Exercise 1 Regarding the set \(E = \{\frac{1}{n}|n \in \mathbb{N}\}\), does it have a minimum? Does it have an infimum in \(\mathbb{Q}\)? If the infimum does exist then find it.
Showing that \(E\) does not have a minimum is showing that for every \(a \in E\) it will always be possible to find \(a' \in E\) such that \(a' < a\). Consider \(a = \frac{1}{n}\). Consider \(a' = \frac{1}{n+1}\). Indeed we have \(a' < a\). Therefore, \(E\) does not have a minimum.
Consider the set \(L = \{x \in \mathbb{Q} | \forall y \in E, x \leq y \}\). We will claim \(L = \{x \in \mathbb{Q} | x \leq 0\}\). To support this claim let us suppose that \(\exists \gamma > 0\) such that \(\gamma \in L\). That is, we should be unable to find \(n^* \in \mathbb{N}\) such that \(\frac{1}{n^*} < \gamma\).
It is very clear that we can offer any \(n^* \in \{n \in \mathbb{N}|n > \frac{1}{\gamma}\}\) as argument against the existence of a rational lower bound \(\gamma > 0\). If we are urged to offer a particular \(n^*\) then we can provide this one: \(n^* = \lceil \frac{1}{\gamma} \rceil + 1\).
Therefore, the set of lower bounds of \(E\) in \(\mathbb{Q}\) indeed is \(L = \{x \in \mathbb{Q} | x \leq 0\}\).
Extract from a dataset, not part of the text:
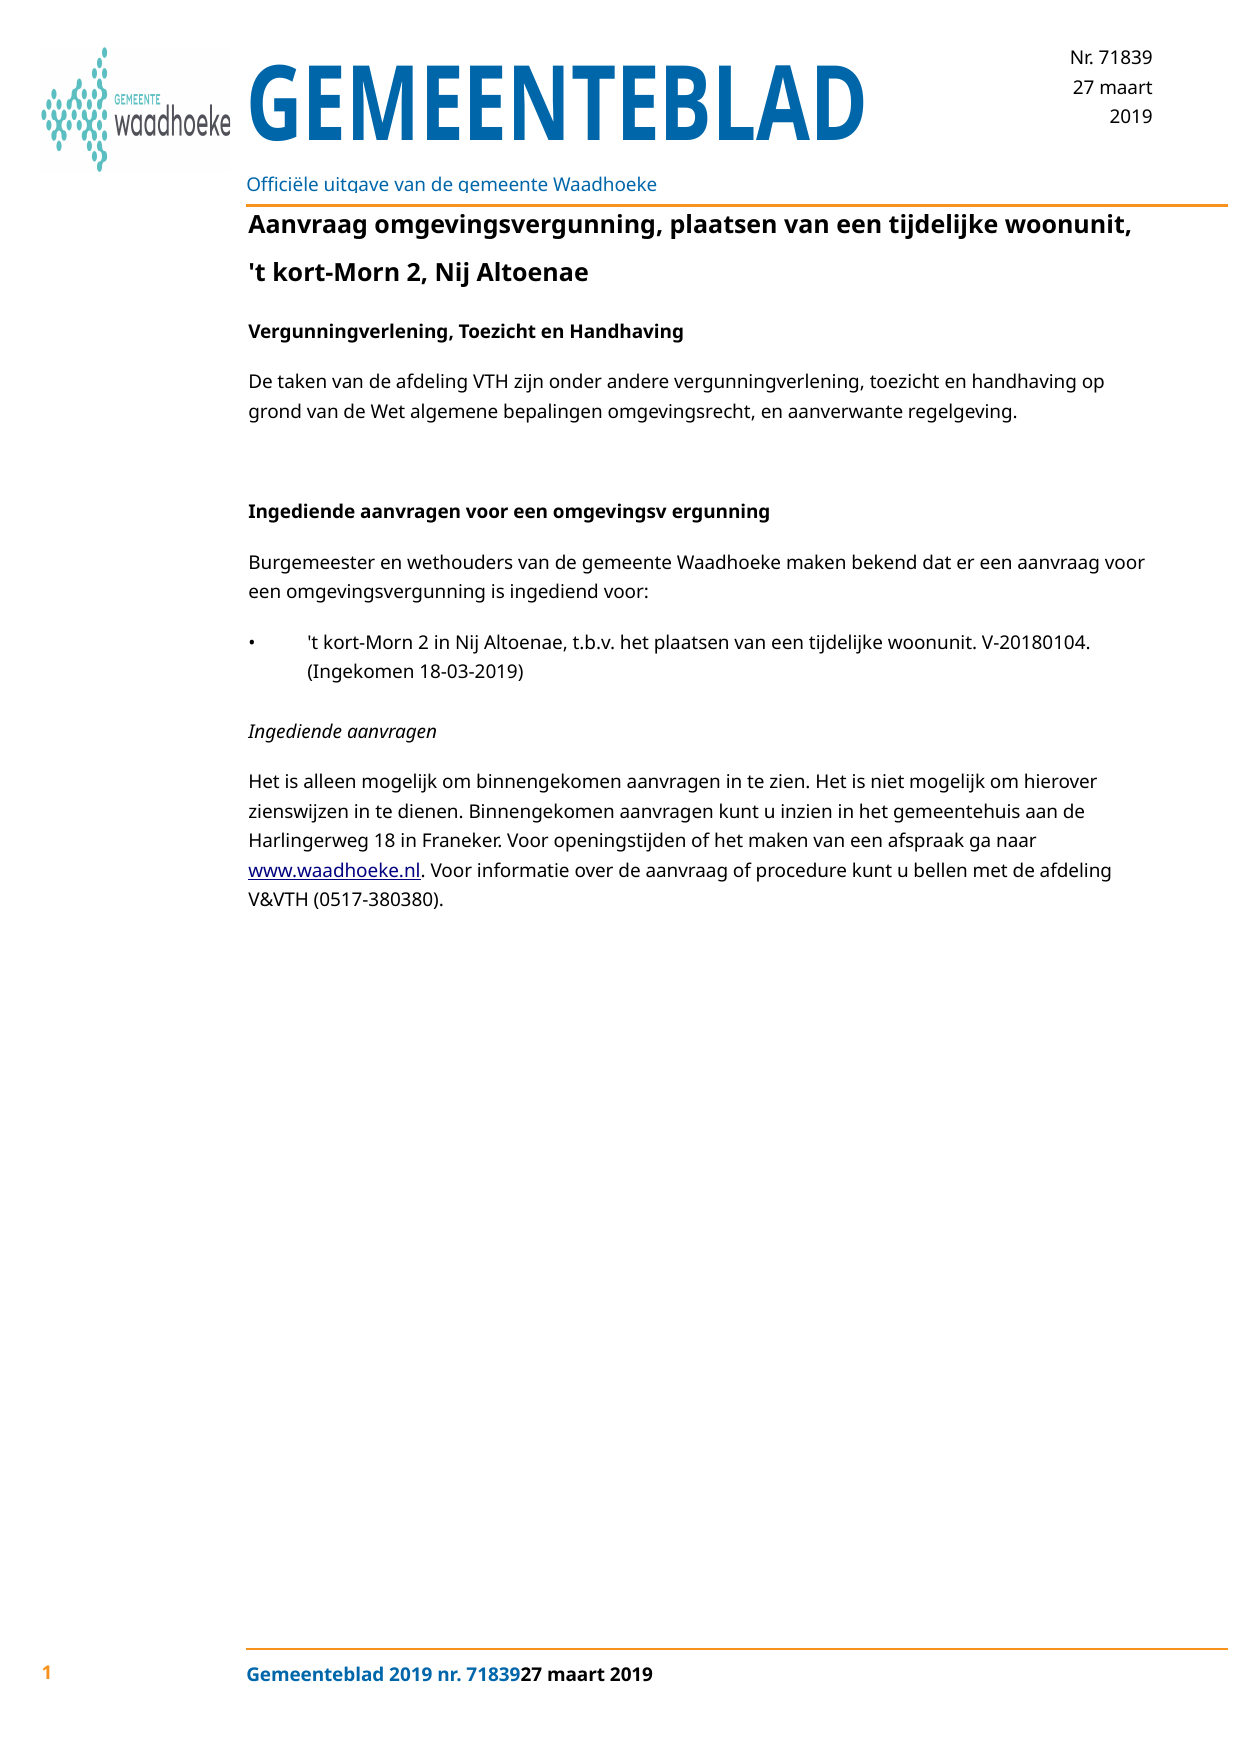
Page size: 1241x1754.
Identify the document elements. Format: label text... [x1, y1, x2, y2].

Now, \(\text{inf}E = \text{max}L\). That is, \(\text{inf}E = 0\).
Theorem 1
An upper bound of an ordered set is also its supremum and its maximum if and only if that upper bound belongs to the set itself. Similarly, a lower bound of an ordered set is also its infimum and its minimum if and only if that lower bound belongs to the set itself.
Proof. Consider the arbitrary non-empty ordered set \(A\). Let us denote by \(\alpha\) the supremum of \(A\). Since it is stated to also be the maximum of \(A\), and since by definition the maximum of a set is an element of the set itself, \(\alpha\) is included in \(A\)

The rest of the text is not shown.